A considerable obstacle to international members participating in Board and Management Council meetings is the great time zone difference. In Australia, our (evening) meetings are in early afternoon: in India, at the start of the work day.
Meanwhile, we continue to support efforts in Chile, Mexico, Sweden, and Australia.
Our logical avenues for expansion are the English-Speaking world including the nations of the British Commonwealth, and the Spanish speaking population of the Western Hemisphere. The later, despite our efforts in Mexico and Chile, will take a new team and much time and work to become real.
We are limited in what we can do by two things:
1. Available Volunteers
2. Available Funds – If we want to do exciting projects we need to do much better at attracting donations. To some extent, this is a chicken or egg matter. We have to play the Rooster’s role: If we announce exciting projects for which we have the resources to define and develop the project idea, we can leverage enthusiasm for the project to raise funds.
We do have enough funds to consider undertaking more projects, but
lack the volunteers needed to take the initiative in doing so. Art.
Design and engineering competitions and contests, for example.
As President, I feel privileged to work with such a fine team of officers and board members.
Once again we will soon begin the annual election process in which half of our leaders are elected in even number years, half in odd number years, all serving two year terms. This guarantees a level of continuity along with the opportunity to bring in fresh talent.
If you have leadership abilities, as well as free time to attend meetings the first and third Wednesday evenings (for US leaders, Thursday mornings in India, Thursday afternoons in Australia) please consider running for a position. Fresh blood is always welcome, and some of those who have served for a long time may wish to be replaced.
I myself could probably continue to do many of the things I do, if replaced at the helm. It is not healthy for any organization to have people who are indispensable, as none of us is immortal.

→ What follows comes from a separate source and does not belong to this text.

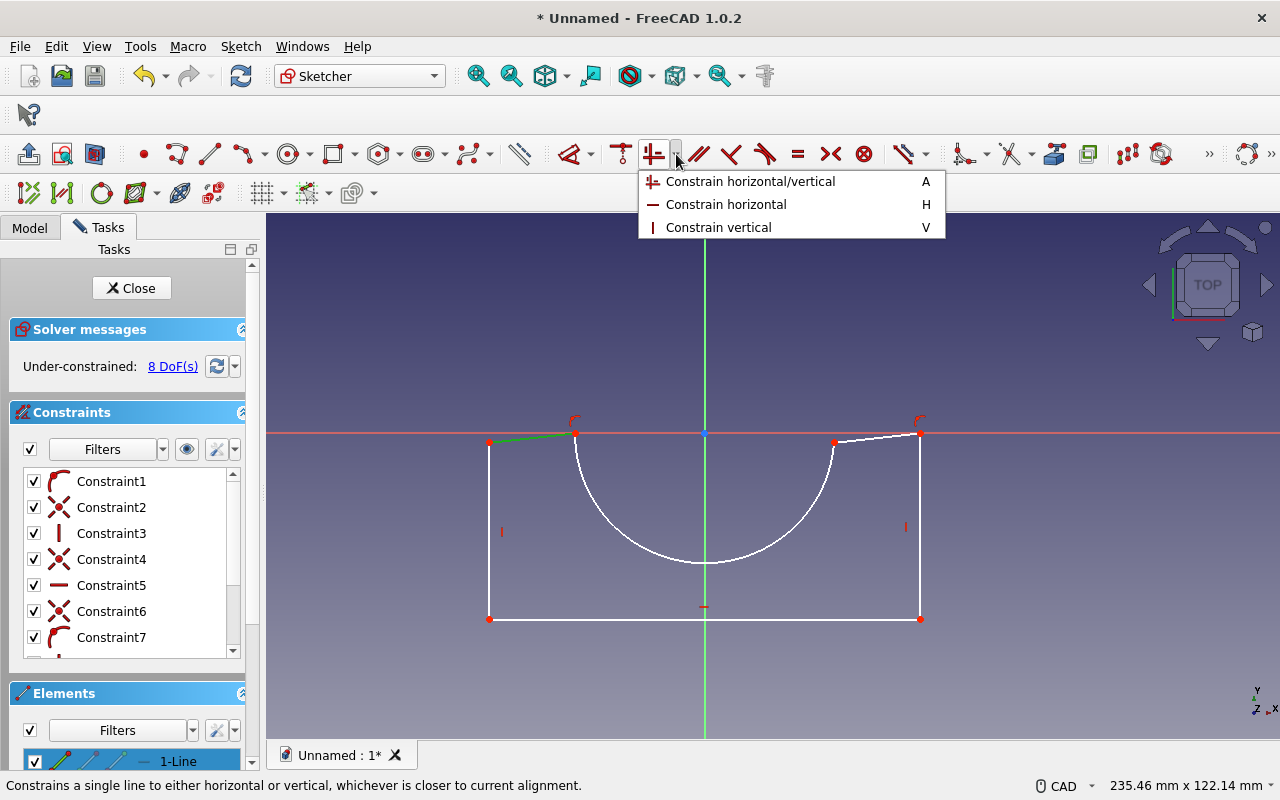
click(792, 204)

I would like to take this occasion to express special appreciation to the following leaders:
David Dunlop (Green Bay, WI) continues to travel around the country, taking in conferences, and networking at every opportunity, on behalf of the Society, but on his own dime. As Director of Project Development, an unpaid staff position, his assistance to the Society has been enormous. He has been my partner as well, in the MMM-India Quarterly initiative, and in encouraging Indians to organize Moon Society India, again making timely contributions on his dome.
James Gholston (Denton, TX), at his own expense, has kept us supplied with books to send to new members.
Scotty Gammenthaler (Princeton,TX) and James Rogers (Longview, TX) had teamed up to give the secondary pages of our website a whole new look and some well-needed uniformity.
Charles Radley (Portland, OR), our vice-president, misses no opportunity to spread the word about the Society on various social networks, and has also worked tirelessly to solicit sources of income for us.
In fact, all of our officers and directors have been most helpful with their input. I am proud to serve with them.